- The new "Lisa" and the regular family members in their variety hour, the episode's third segment.
- Episode no.: Season 8 Episode 24
- Directed by: Neil Affleck
- Story by: Ken Keeler
- Teleplay by: David X. Cohen; Dan Greaney; Steve Tompkins;
- Production code: 4F20
- Original air date: May 11, 1997

Guest appearances
- Tim Conway as himself; Gailard Sartain as Charles "Big" Daddy; Phil Hartman as Troy McClure;

Episode features
- Commentary: Matt Groening; Josh Weinstein; David X. Cohen; Dan Greaney; Yeardley Smith; Ken Keeler;

Episode chronology
| ← Previous "Homer's Enemy" | Next → "The Secret War of Lisa Simpson" |
- The Simpsons season 8

= The Simpsons Spin-Off Showcase =

"The Simpsons Spin-Off Showcase" is the twenty-fourth and penultimate episode of the eighth season of the American animated television series The Simpsons.
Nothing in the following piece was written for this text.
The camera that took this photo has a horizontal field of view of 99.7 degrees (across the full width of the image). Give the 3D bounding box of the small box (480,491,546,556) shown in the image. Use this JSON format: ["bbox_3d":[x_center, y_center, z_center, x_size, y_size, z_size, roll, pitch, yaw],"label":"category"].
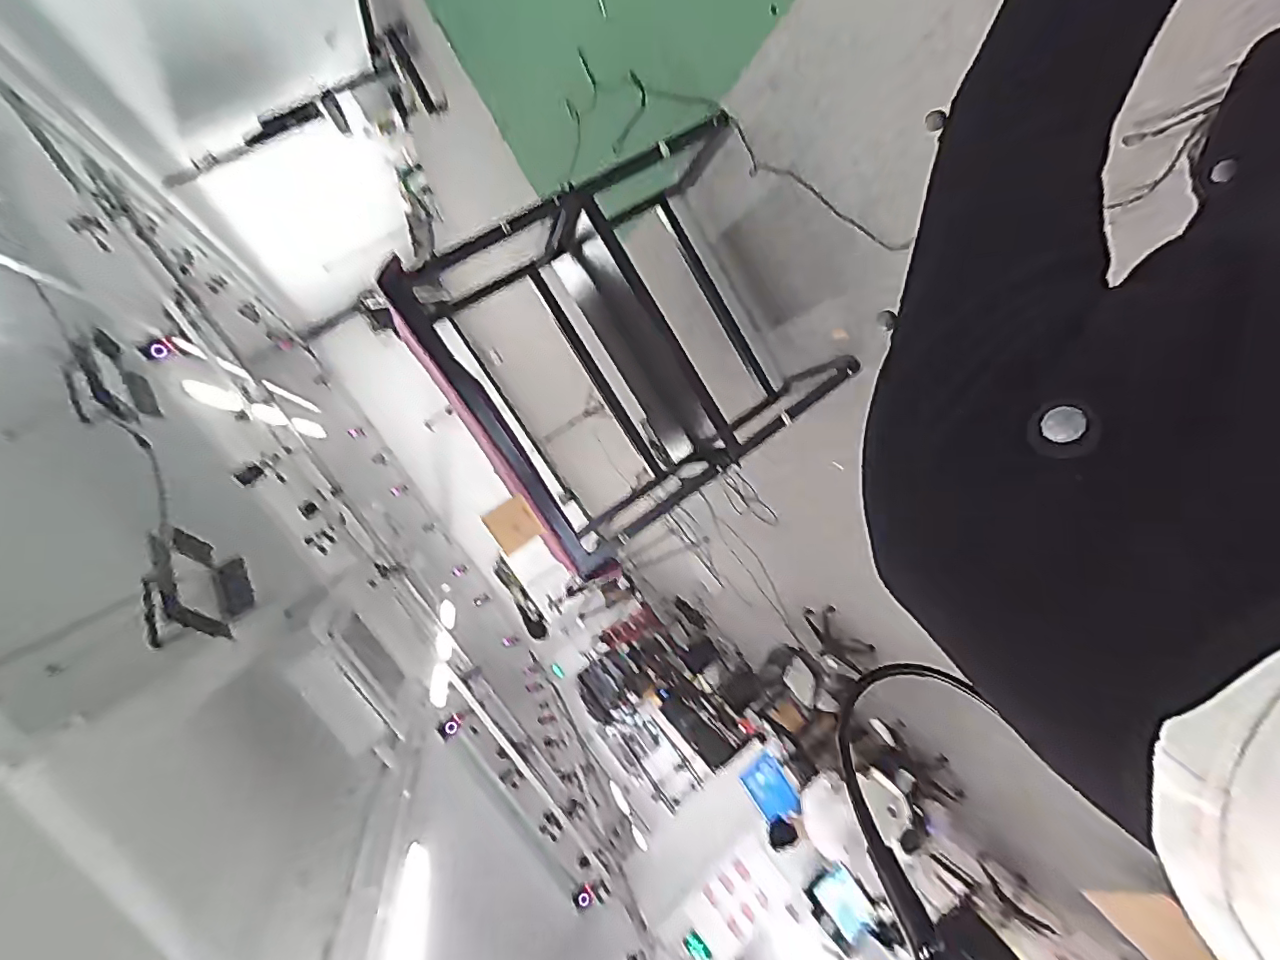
[{"bbox_3d":[-0.461,0.152,1.968,0.168,0.176,0.179,58,167,-10],"label":"small box"}]

It originally aired on the Fox network in the United States on May 11, 1997. The episode centers on fictional pilot episodes of non-existent television series derived from The Simpsons, and is a parody of the tendency of networks to spin off characters from a hit series. As such it includes references to many different television series. The first fictional spin-off is Chief Wiggum P.I., a cop-dramedy featuring Chief Wiggum and Seymour Skinner. The second is The Love-matic Grampa, a sitcom featuring Moe Szyslak who receives dating advice from Abraham Simpson, whose ghost is possessing a love testing machine. The final segment is The Simpson Family Smile-Time Variety Hour, a variety show featuring the Simpson family except for Lisa, who has been replaced.

The episode was written by David X. Cohen, Dan Greaney and Steve Tompkins, with Ken Keeler coming up with the story and the general idea of intentionally bad writing. It was directed by Neil Affleck, and Tim Conway, Gailard Sartain and Phil Hartman guest-starred.

The producers were initially uneasy about the episode, as they feared that the purposely bad writing would be mistaken for actual bad writing. The episode, however, now appears on several lists of the most popular Simpsons episodes.

==Plot==
Troy McClure hosts a television special from the "Museum of TV and Television" introducing three spin-off productions, created using characters from The Simpsons. The Fox network has only three programs — The Simpsons, The X-Files and Melrose Place — prepared for the next broadcasting season, and so commissions the producers of The Simpsons to create thirty-five new shows to fill the remainder of the lineup. Unable to handle such a workload, the producers create only three new shows.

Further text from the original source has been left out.